This post has been corrected to accurately reflect the number of users of The We the People platform.
The White House is hosting a hackathon around its We The People petition platform, which has attracted more than 2 million users over the last two months of 2012, and roughly 6 million log-ins and more than 10 million signatures since its inception.
The platform, perhaps best known for a popular petition calling on the federal government to build a Death Star (Uncle Sam nixed that in a popular rejection letter), runs on a program called Petitions 1.0. According to a blog post by Peter Welsch, the Office of Digital Strategy’s Deputy Director of Online Platform, the work on Petitions 2.0 is under way and will be based on an application programming interface, or API.
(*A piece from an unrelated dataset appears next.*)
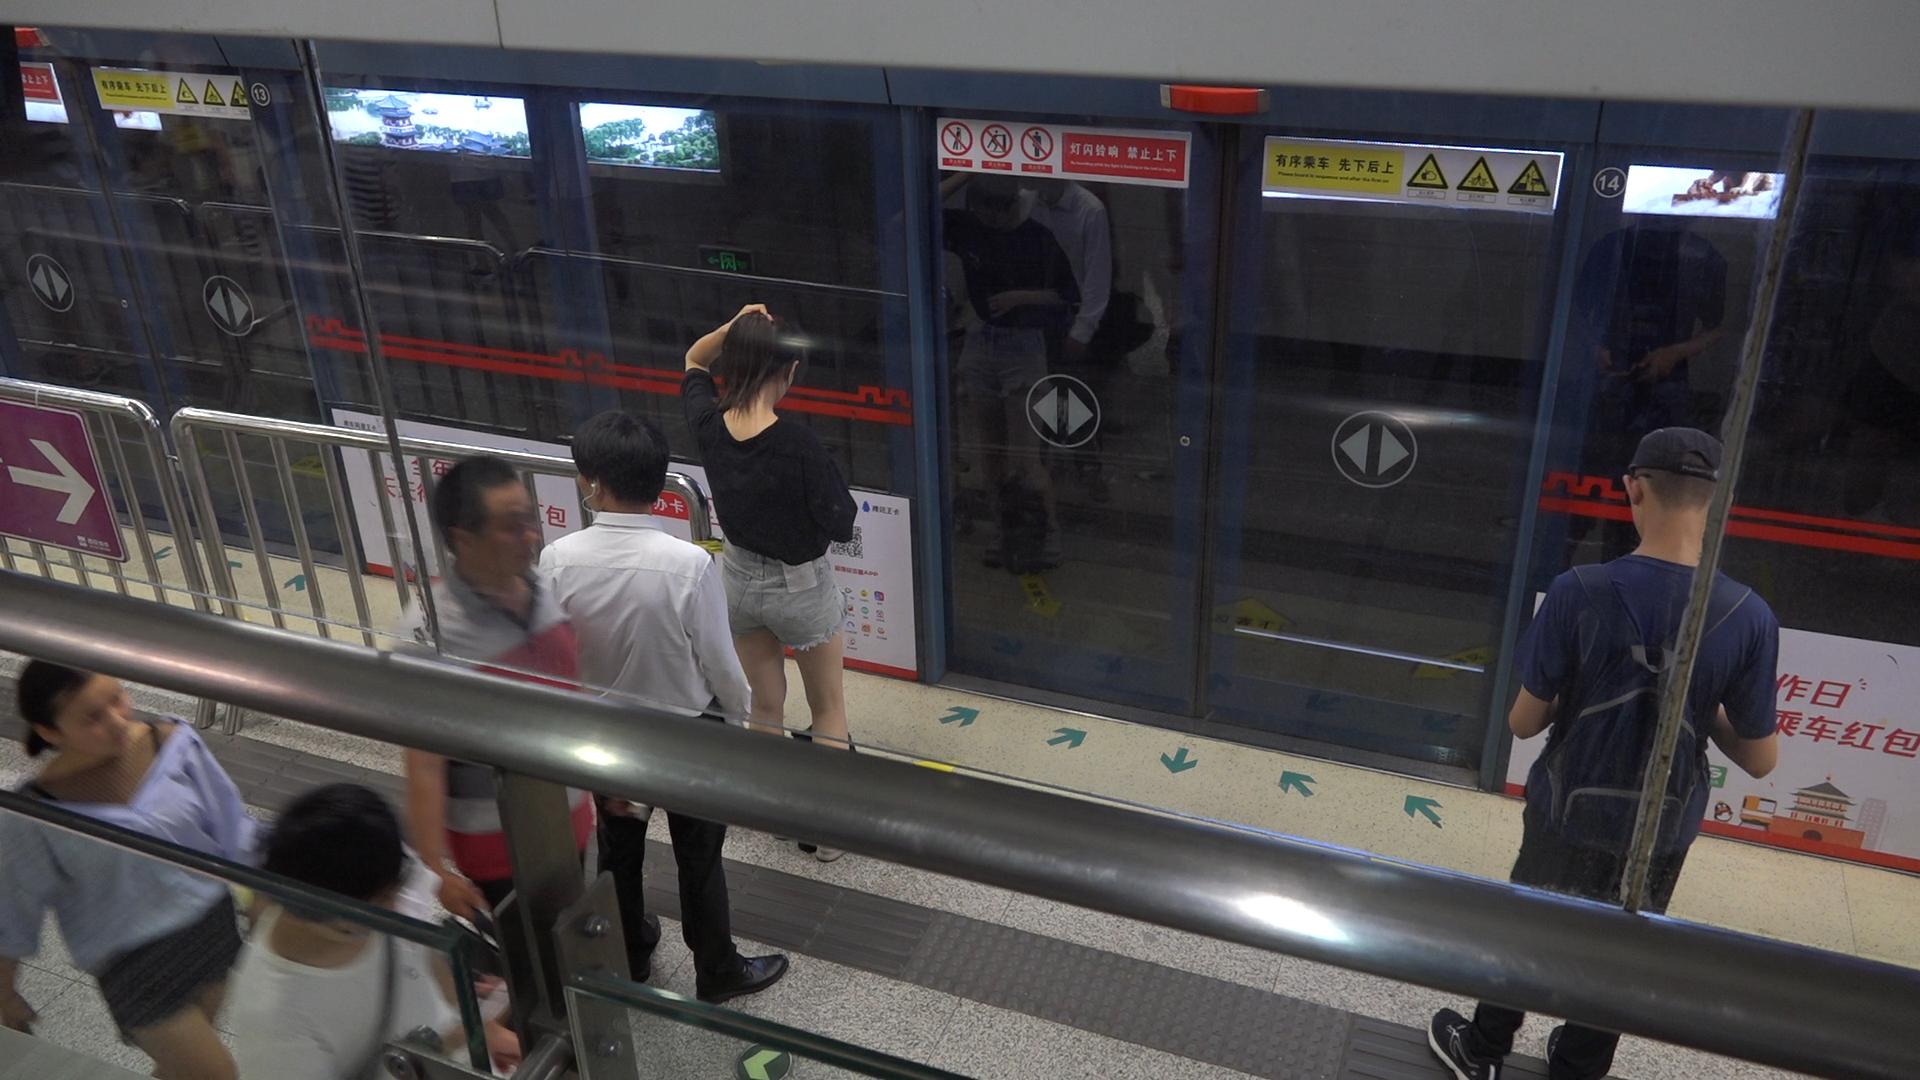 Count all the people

6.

The White House will release the first of two API methods sets, Read API, in March. Read API will allow users to collect and use petitions, signatures and responses data however they like. The second methods set, Write API, will empower users to sign petitions from Web sites other than WhiteHouse.gov. Write API will be released to the public shortly after Read API.
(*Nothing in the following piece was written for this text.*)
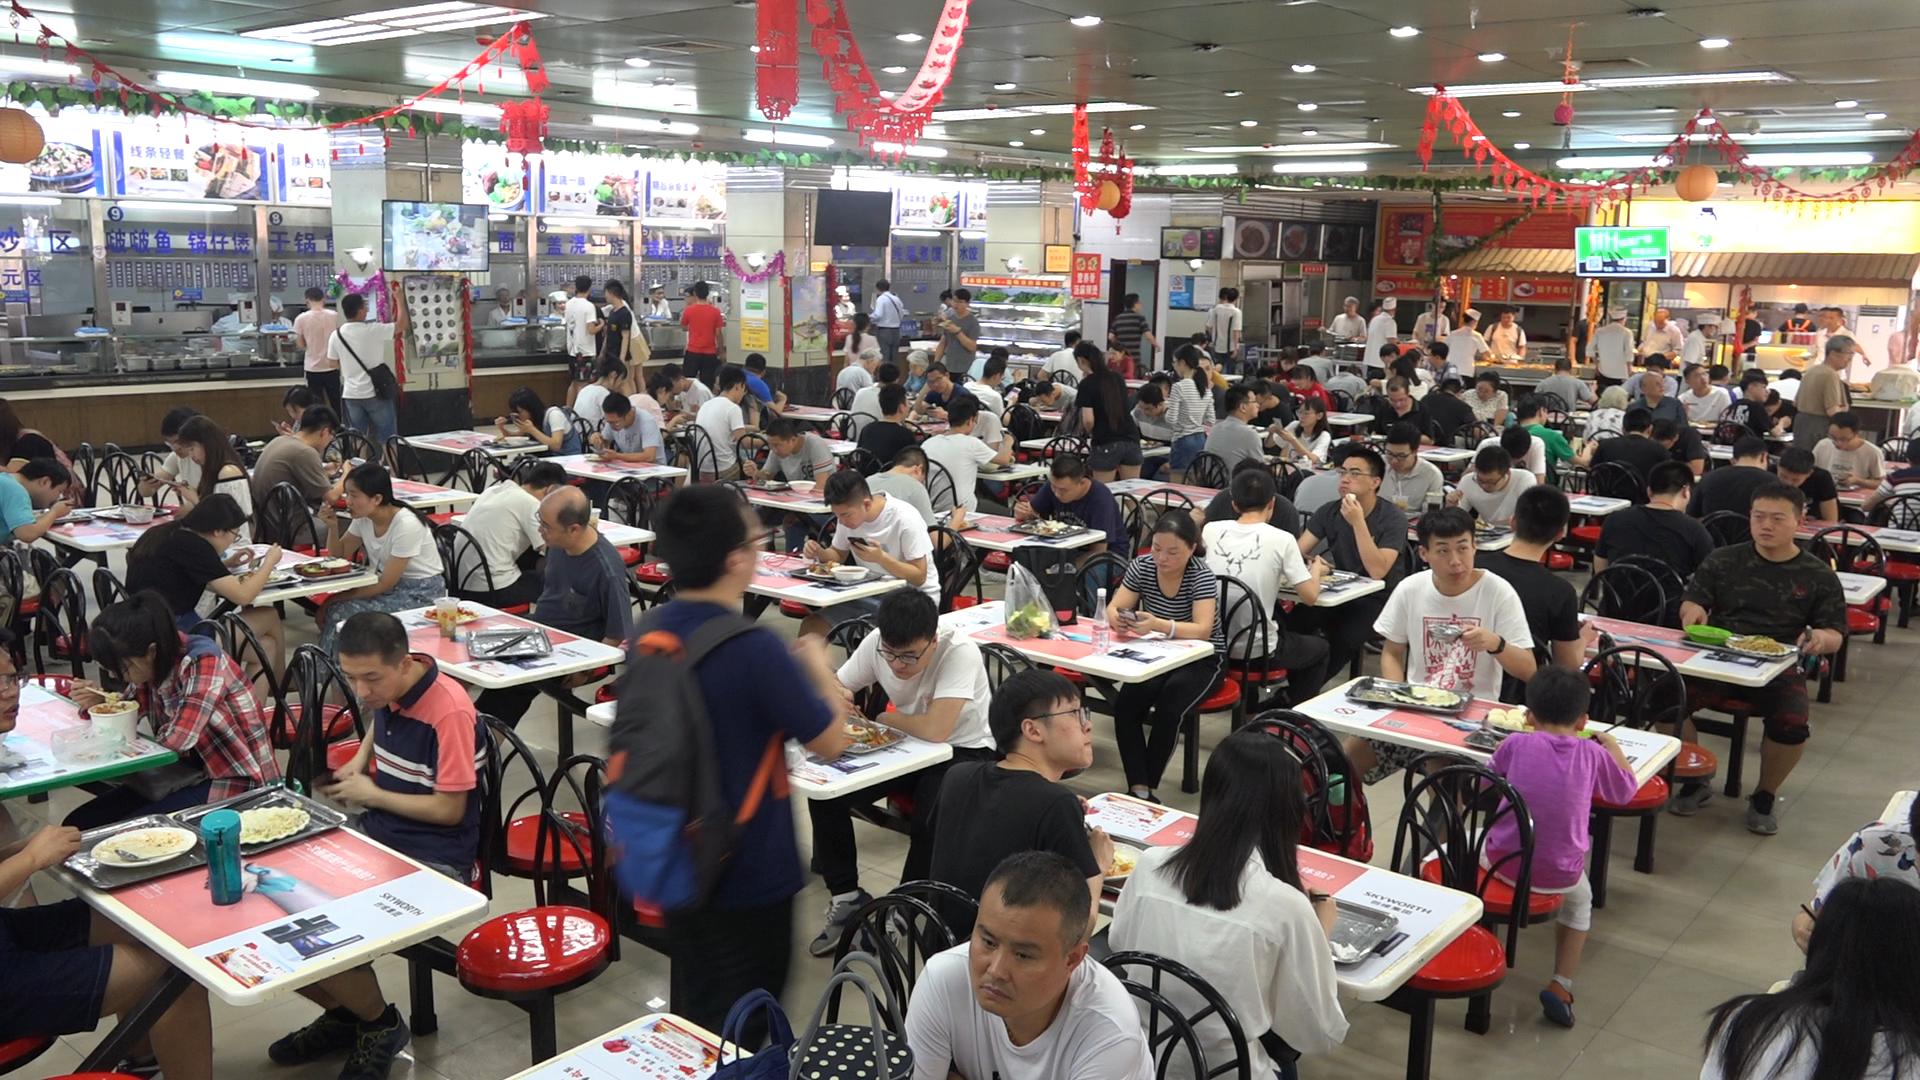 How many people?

124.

But before Petitions 2.0 is released to the public, the White House is opening its doors to a small group of individuals to work with the platform during an Open Data Day Hackathon. The hackathon will be hosted at The White House on Feb. 22 and open to individuals on an application basis. The application is open to anyone. But if you’re wondering whether you have what it takes, Macon Phillips, the White House’s director of digital strategy, recommends looking at Christoph Berendes’s work independently using We the People data as an example of the type of person the team is hoping will apply. Those selected to attend will be notified on or before Feb. 8.
The event is “an opportunity for those motivated people to come, sit down with our team, go through the data we’re providing,” and put together some basic projects and offer ways to help improve it, said Philips during a phone call Wednesday. “We’re really excited to open up the data.”
While this is not the White House’s first hackathon, it is, according to Phillips, the first of its kind — one where the White House is looking to improve on an API. And this effort, says Phillips, is “preliminary.”
As for the snacks, “We may be able to wrangle up some White House M&M’s,” said Philips.